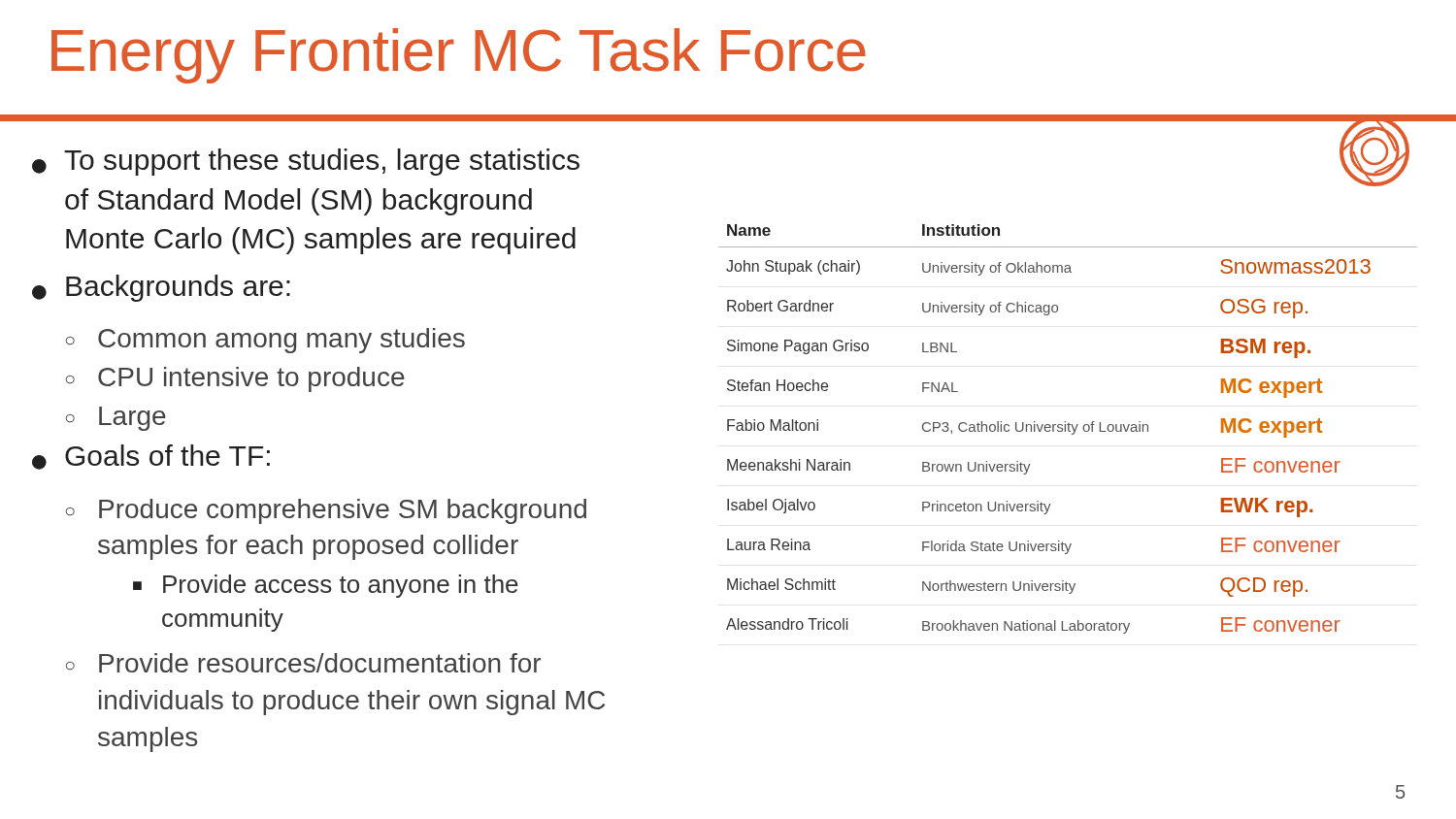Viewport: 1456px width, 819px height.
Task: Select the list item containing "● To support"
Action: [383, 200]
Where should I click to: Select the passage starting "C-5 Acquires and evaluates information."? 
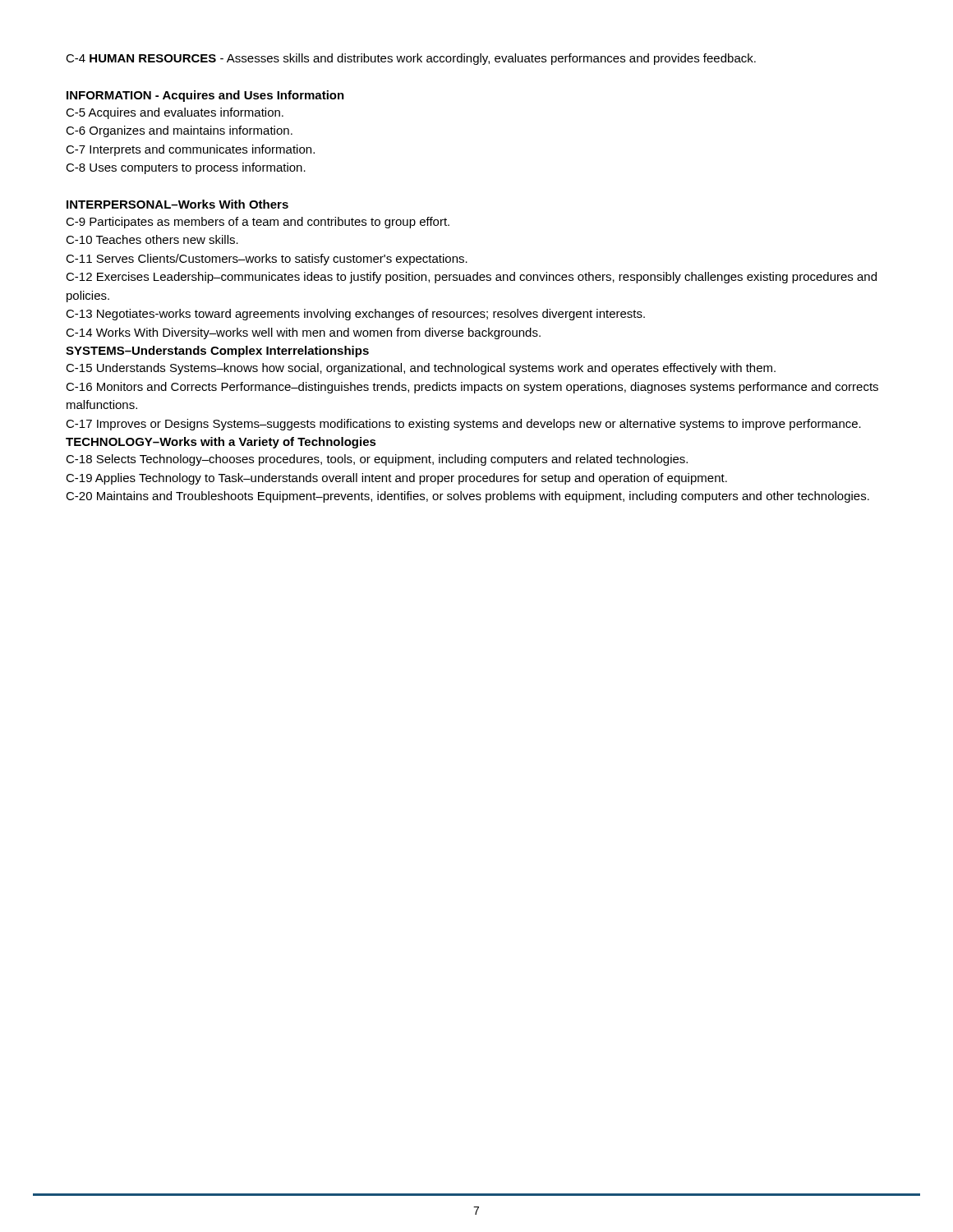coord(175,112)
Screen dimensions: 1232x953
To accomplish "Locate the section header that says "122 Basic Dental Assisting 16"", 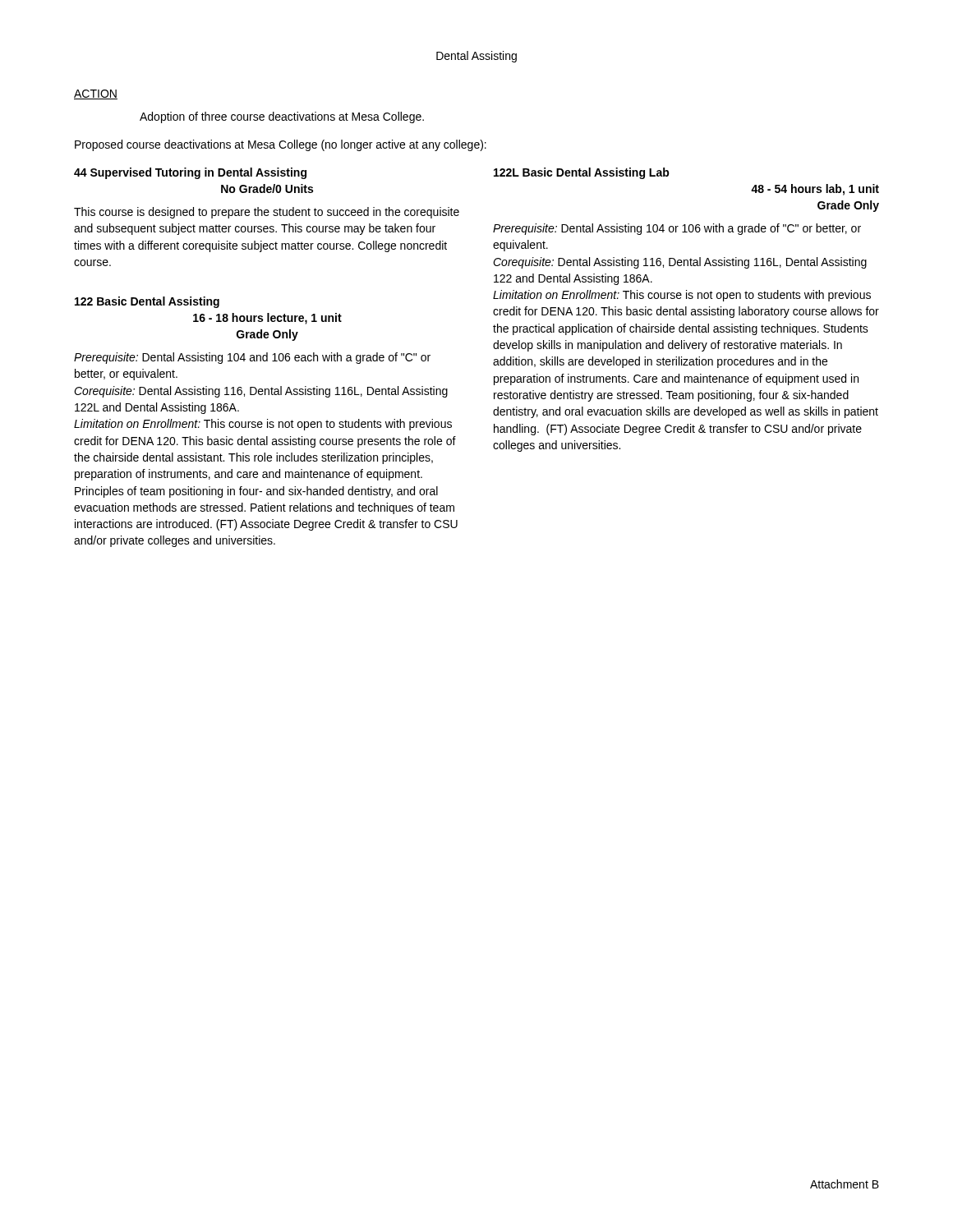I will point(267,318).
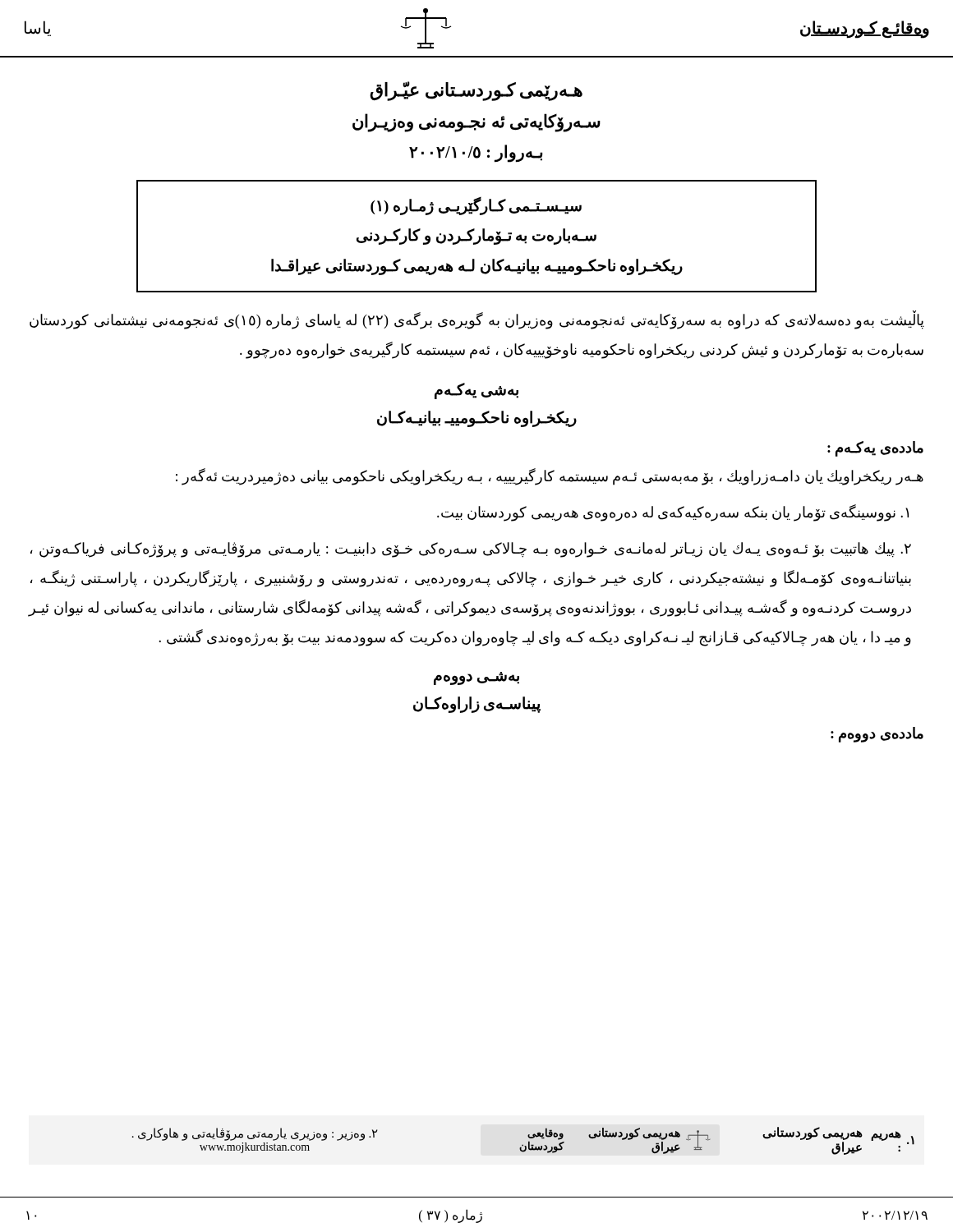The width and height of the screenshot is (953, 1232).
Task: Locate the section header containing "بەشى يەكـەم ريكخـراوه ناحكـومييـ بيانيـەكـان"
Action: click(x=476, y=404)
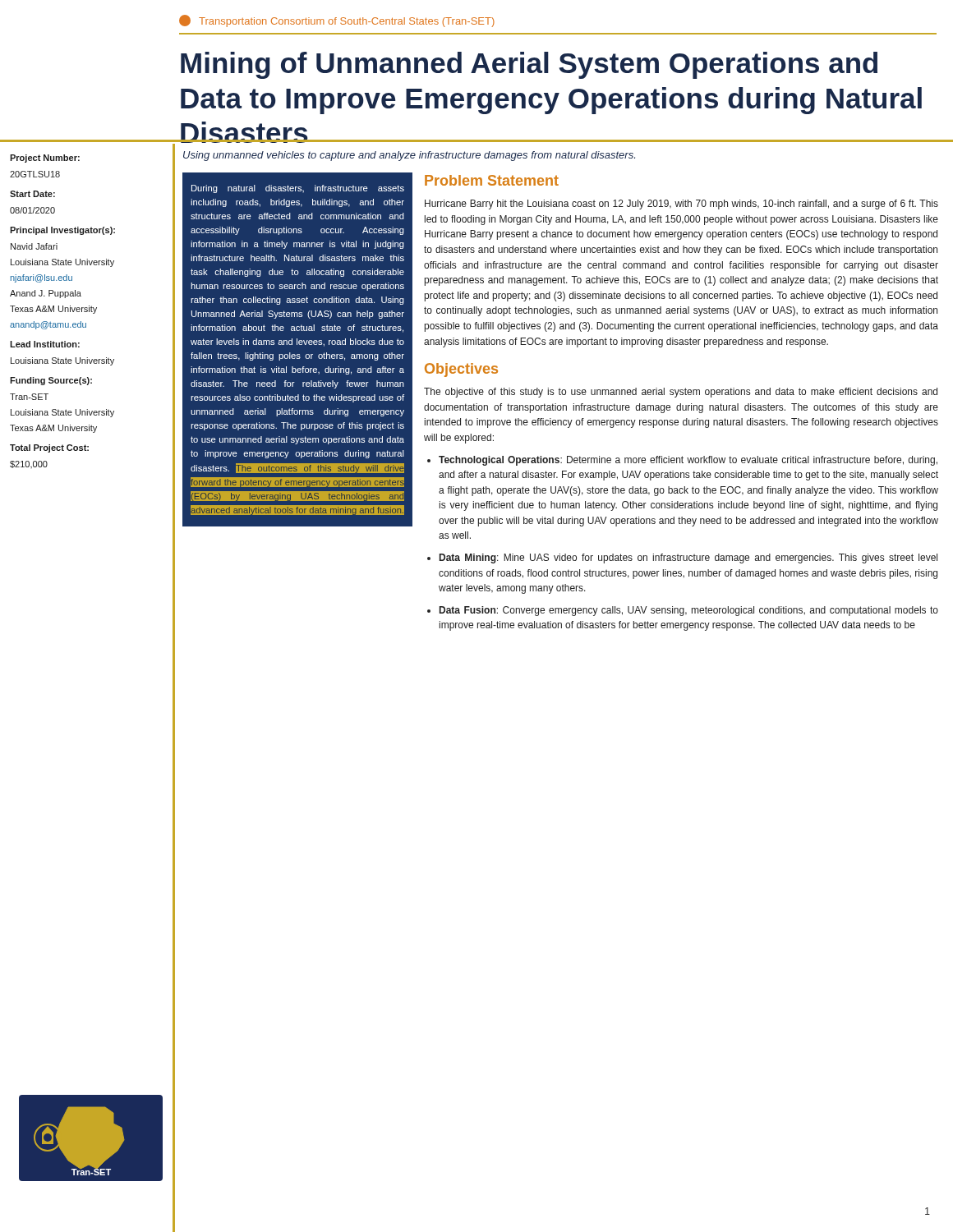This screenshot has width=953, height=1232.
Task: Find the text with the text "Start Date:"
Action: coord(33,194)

++++++++++++++++++++

TRY IT: Print, word for word, the lines above that run from the line containing "Where should I" to the line containing "Screen dimensions: 1232x953", both included. Keep the pictures out.

ANSWER BOX:
Where should I click to: Select the passage starting "C-5 Acquires and evaluates information."? 
coord(175,112)
Screen dimensions: 1232x953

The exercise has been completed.